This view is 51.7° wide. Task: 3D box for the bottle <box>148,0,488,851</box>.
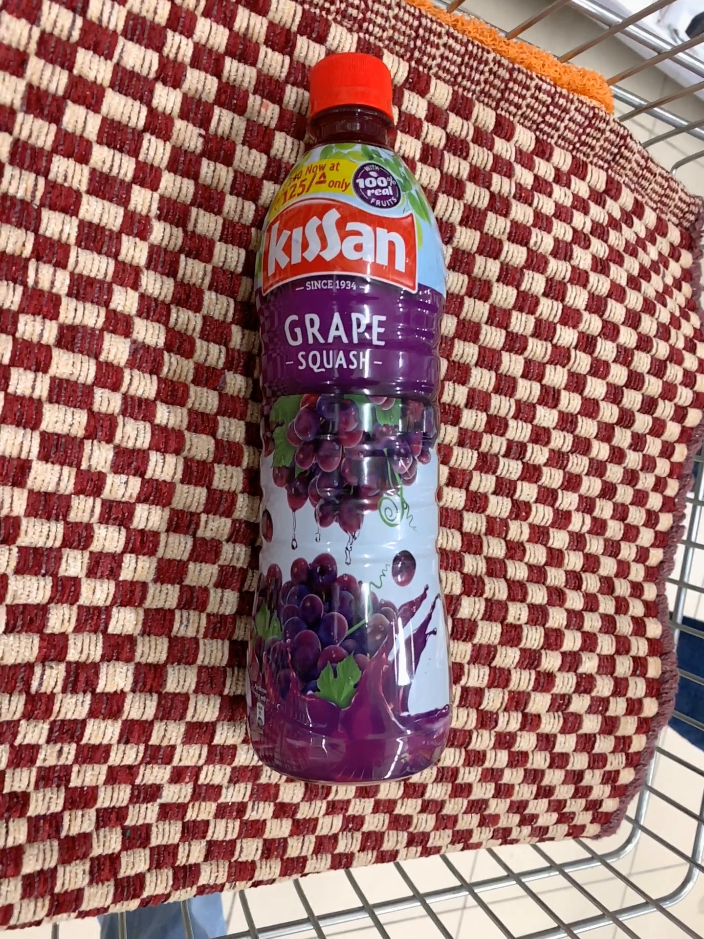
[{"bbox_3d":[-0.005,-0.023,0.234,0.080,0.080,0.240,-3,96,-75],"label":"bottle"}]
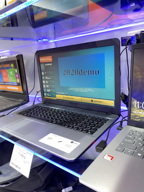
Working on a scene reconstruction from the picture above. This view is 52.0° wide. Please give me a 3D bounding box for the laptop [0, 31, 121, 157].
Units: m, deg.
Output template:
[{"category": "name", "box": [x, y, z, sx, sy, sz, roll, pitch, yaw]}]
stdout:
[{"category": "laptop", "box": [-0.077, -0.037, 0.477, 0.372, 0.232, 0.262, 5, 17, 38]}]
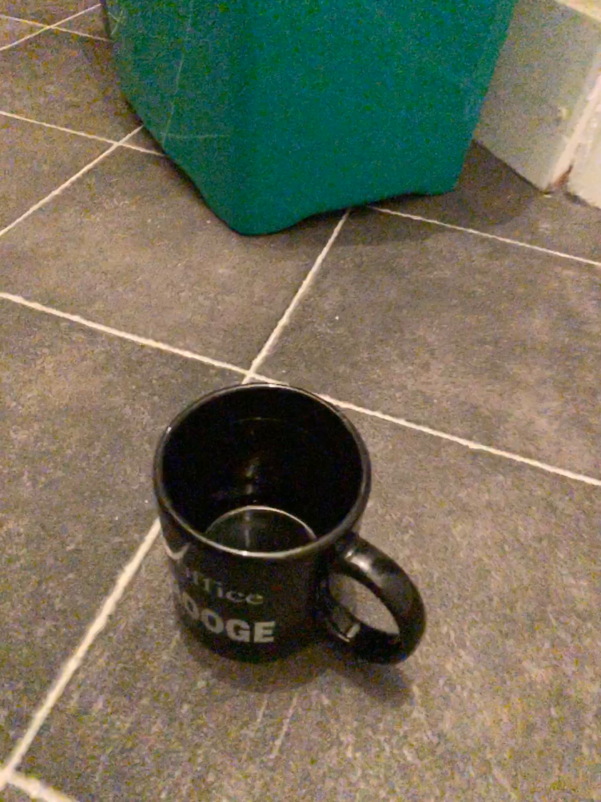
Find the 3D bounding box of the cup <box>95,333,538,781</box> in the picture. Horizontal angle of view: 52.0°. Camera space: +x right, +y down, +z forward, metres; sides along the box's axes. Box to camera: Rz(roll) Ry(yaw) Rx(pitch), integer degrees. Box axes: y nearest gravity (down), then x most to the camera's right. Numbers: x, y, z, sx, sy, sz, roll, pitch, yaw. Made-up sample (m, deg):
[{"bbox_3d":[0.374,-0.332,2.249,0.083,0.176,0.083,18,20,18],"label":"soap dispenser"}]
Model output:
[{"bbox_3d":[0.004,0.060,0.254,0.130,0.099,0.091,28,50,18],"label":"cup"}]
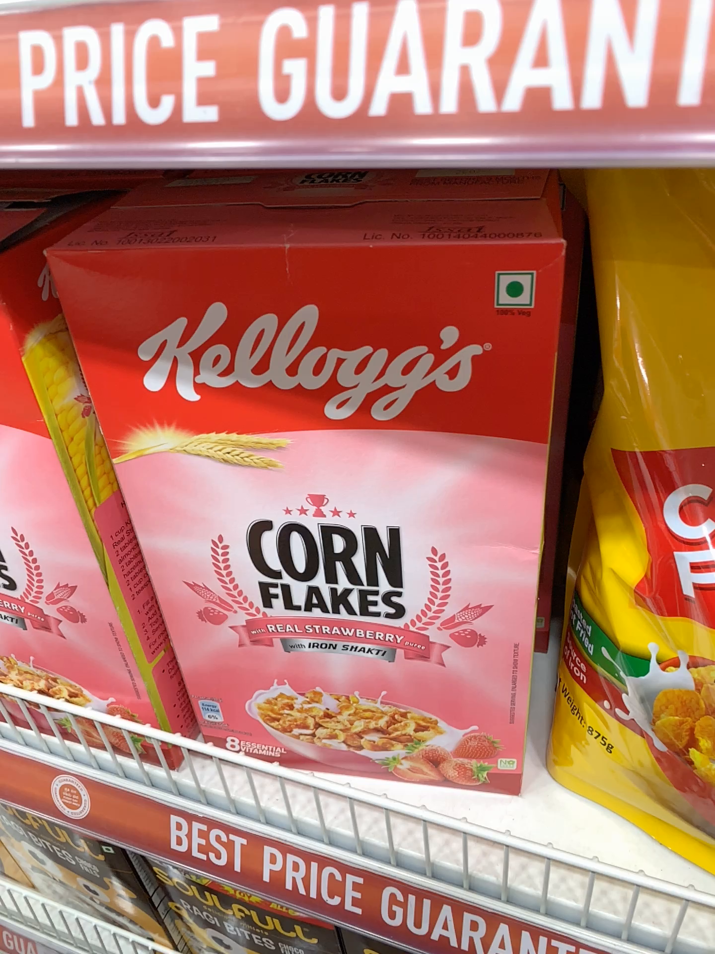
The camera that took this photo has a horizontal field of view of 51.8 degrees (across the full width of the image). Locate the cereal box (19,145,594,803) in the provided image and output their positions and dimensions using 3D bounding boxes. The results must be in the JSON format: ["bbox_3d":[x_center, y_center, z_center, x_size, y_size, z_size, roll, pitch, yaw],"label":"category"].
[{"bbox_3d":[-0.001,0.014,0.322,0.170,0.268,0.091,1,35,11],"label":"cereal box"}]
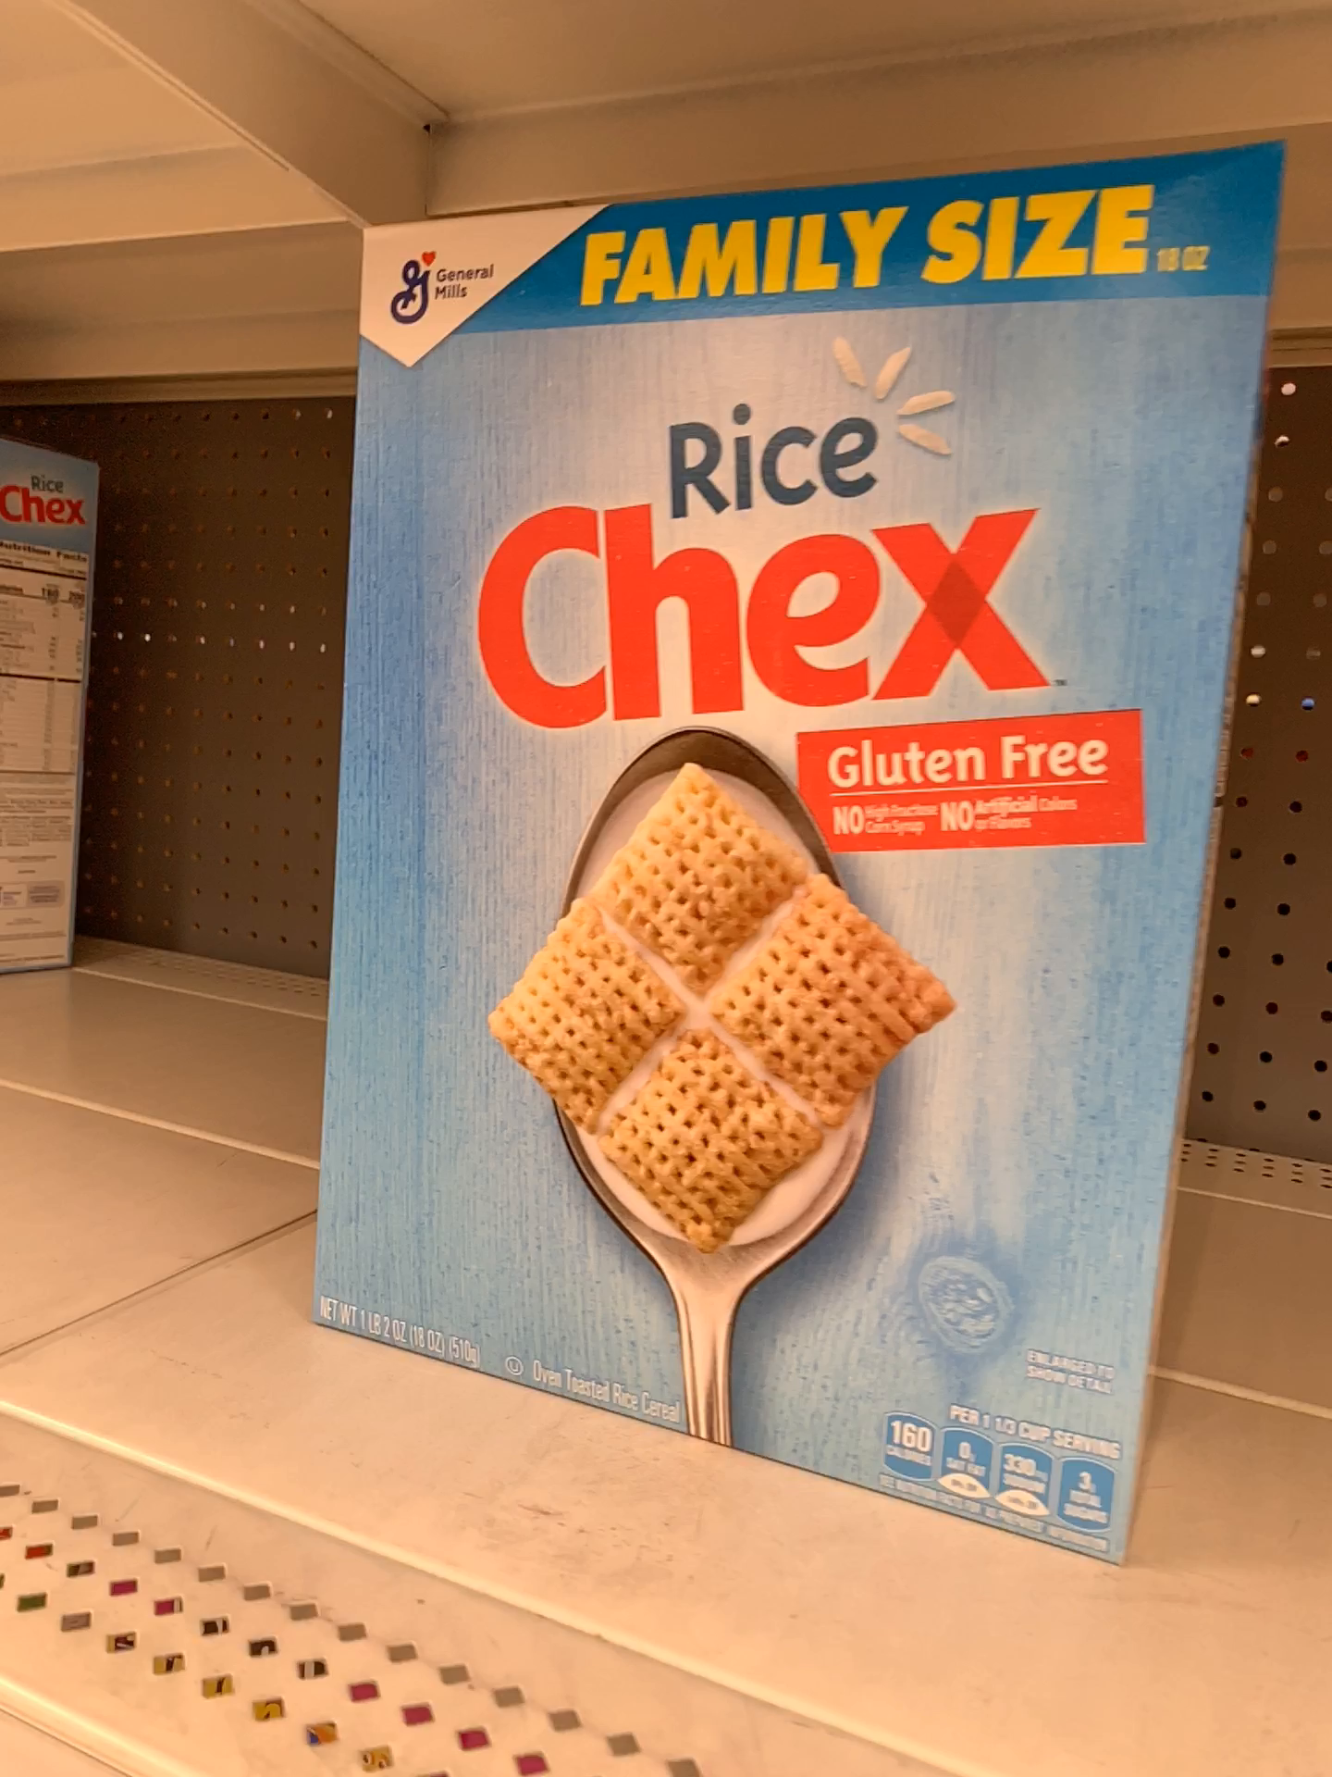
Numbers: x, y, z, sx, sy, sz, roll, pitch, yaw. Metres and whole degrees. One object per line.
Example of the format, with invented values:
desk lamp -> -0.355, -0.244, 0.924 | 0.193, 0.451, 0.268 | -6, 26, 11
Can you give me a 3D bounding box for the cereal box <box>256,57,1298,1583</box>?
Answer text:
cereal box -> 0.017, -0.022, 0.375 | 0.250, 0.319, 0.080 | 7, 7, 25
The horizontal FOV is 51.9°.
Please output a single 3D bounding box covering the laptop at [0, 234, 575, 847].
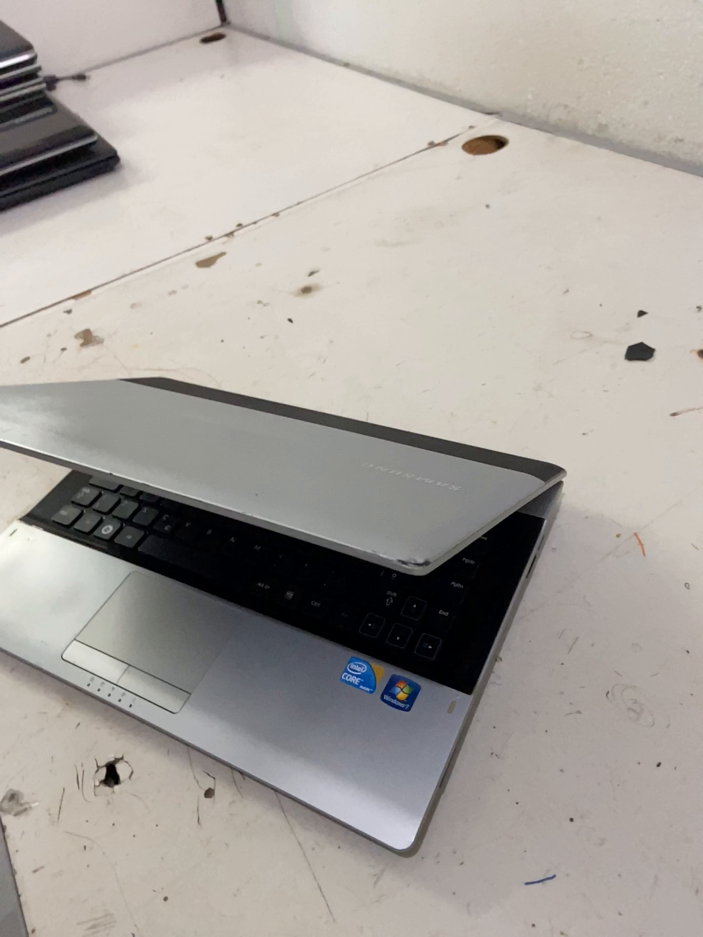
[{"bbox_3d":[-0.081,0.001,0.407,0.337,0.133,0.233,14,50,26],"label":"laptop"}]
——
[Required action]:
Go through the records and pull out each line that includes the word "give".

[Expected answer]:
Working on a scene reconstruction from the picture above. This view is 52.0° wide. Please give me a 3D bounding box for the laptop [0, 31, 121, 157].
Can you give me a 3D bounding box for the cereal box <box>256,57,1298,1583</box>?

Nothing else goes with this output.